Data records
-*-

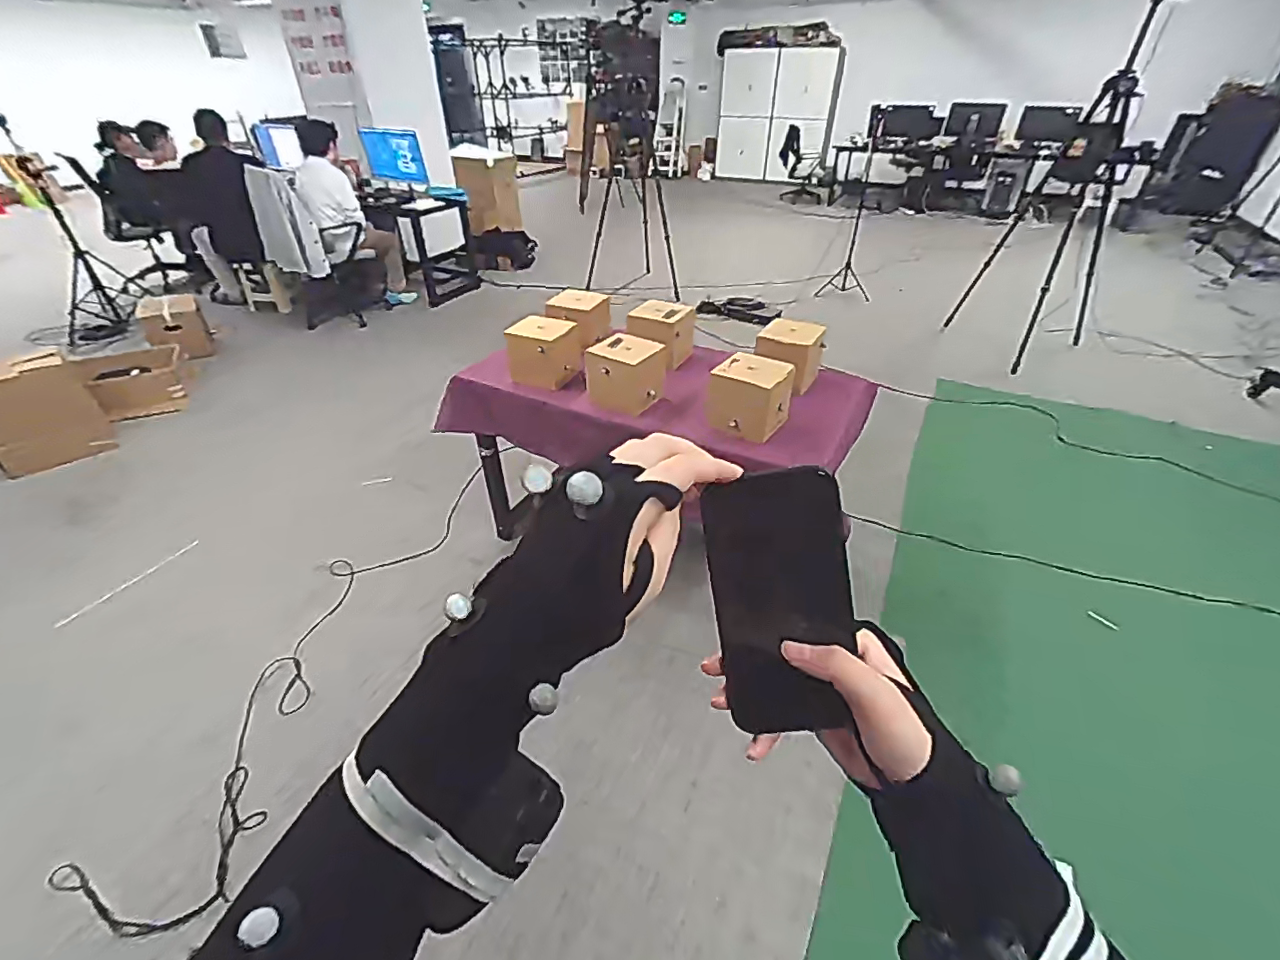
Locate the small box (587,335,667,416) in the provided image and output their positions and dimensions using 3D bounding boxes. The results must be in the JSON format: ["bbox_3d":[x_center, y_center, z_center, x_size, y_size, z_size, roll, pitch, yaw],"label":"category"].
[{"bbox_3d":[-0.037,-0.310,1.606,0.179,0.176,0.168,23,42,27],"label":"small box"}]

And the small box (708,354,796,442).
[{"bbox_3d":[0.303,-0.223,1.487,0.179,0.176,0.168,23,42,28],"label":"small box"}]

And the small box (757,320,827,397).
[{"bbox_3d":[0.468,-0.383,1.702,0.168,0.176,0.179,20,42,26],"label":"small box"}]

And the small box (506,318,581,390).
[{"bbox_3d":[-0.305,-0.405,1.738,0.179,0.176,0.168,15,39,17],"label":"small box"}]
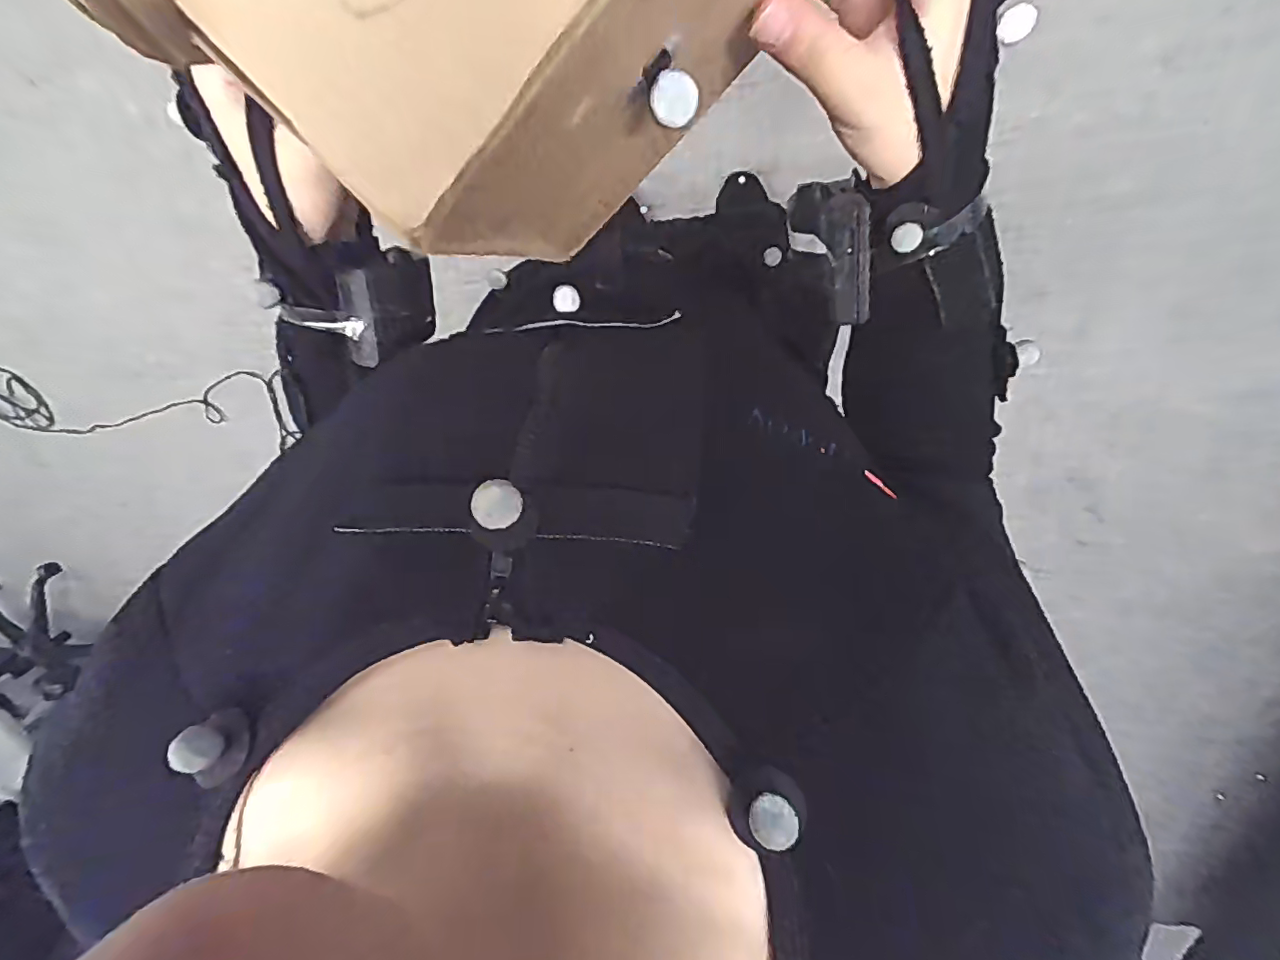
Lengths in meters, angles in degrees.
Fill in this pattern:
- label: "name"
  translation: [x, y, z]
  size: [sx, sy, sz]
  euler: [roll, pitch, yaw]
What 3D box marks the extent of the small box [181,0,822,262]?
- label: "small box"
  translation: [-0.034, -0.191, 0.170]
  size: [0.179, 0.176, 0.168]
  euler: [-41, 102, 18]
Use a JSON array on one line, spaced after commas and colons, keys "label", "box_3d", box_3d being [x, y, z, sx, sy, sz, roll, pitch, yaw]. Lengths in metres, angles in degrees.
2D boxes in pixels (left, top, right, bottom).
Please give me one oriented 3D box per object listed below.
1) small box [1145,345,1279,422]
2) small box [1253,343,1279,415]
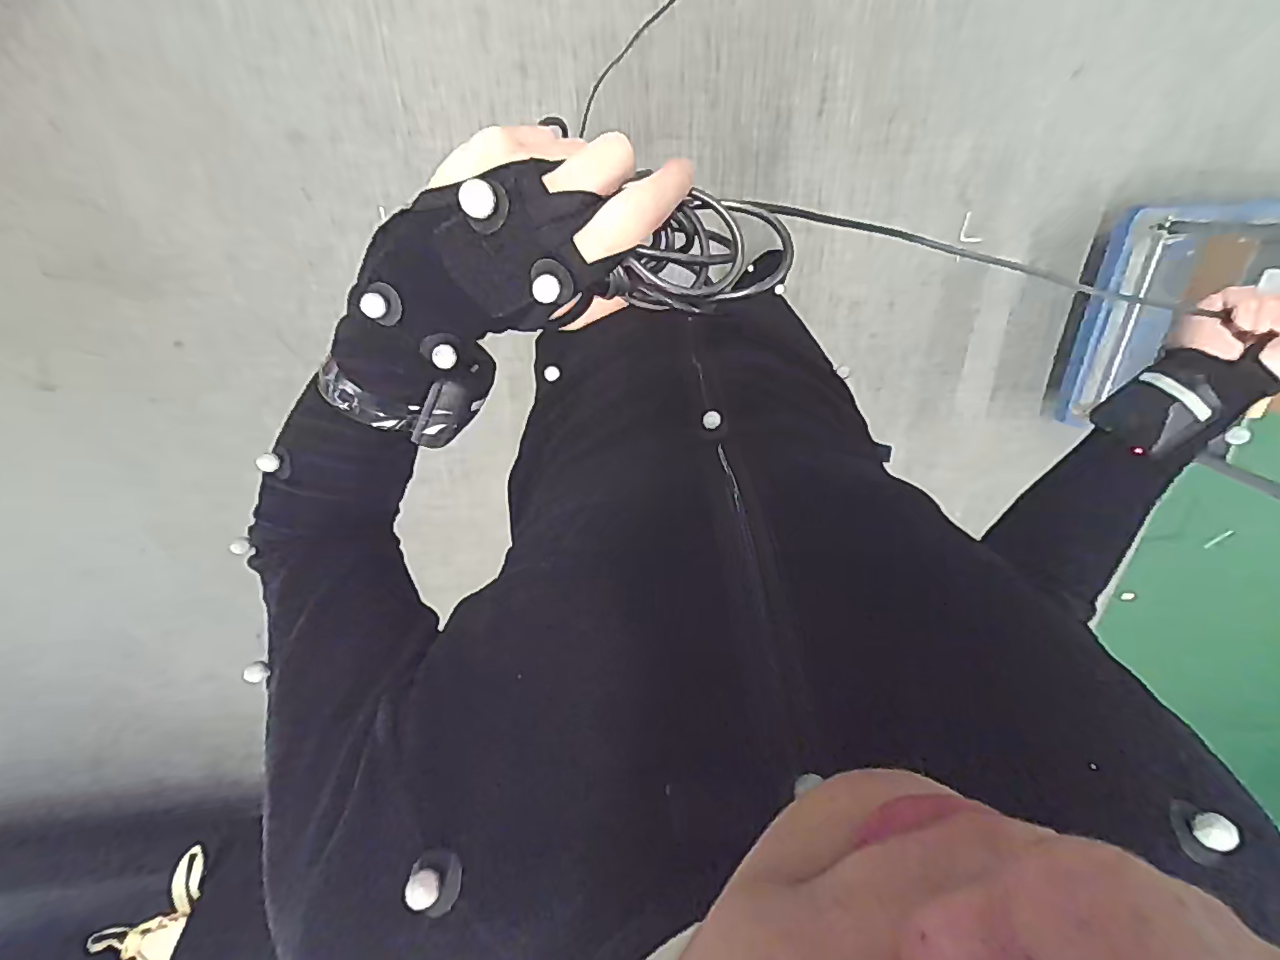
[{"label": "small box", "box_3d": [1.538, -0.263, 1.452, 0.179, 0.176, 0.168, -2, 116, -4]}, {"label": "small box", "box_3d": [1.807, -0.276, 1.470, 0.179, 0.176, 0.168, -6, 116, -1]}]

-*-

WORK INSTRUCTIONS:
Using the records above, extract exactly and only the lines from the one with "Use a JSON array" through the final line, inclusive, leaving out pictures.

PROBLEM SOLUTION:
Use a JSON array on one line, spaced after commas and colons, keys "label", "box_3d", box_3d being [x, y, z, sx, sy, sz, roll, pitch, yaw]. Lengths in metres, angles in degrees.
2D boxes in pixels (left, top, right, bottom).
Please give me one oriented 3D box per object listed below.
1) small box [1145,345,1279,422]
2) small box [1253,343,1279,415]
[{"label": "small box", "box_3d": [1.538, -0.263, 1.452, 0.179, 0.176, 0.168, -2, 116, -4]}, {"label": "small box", "box_3d": [1.807, -0.276, 1.470, 0.179, 0.176, 0.168, -6, 116, -1]}]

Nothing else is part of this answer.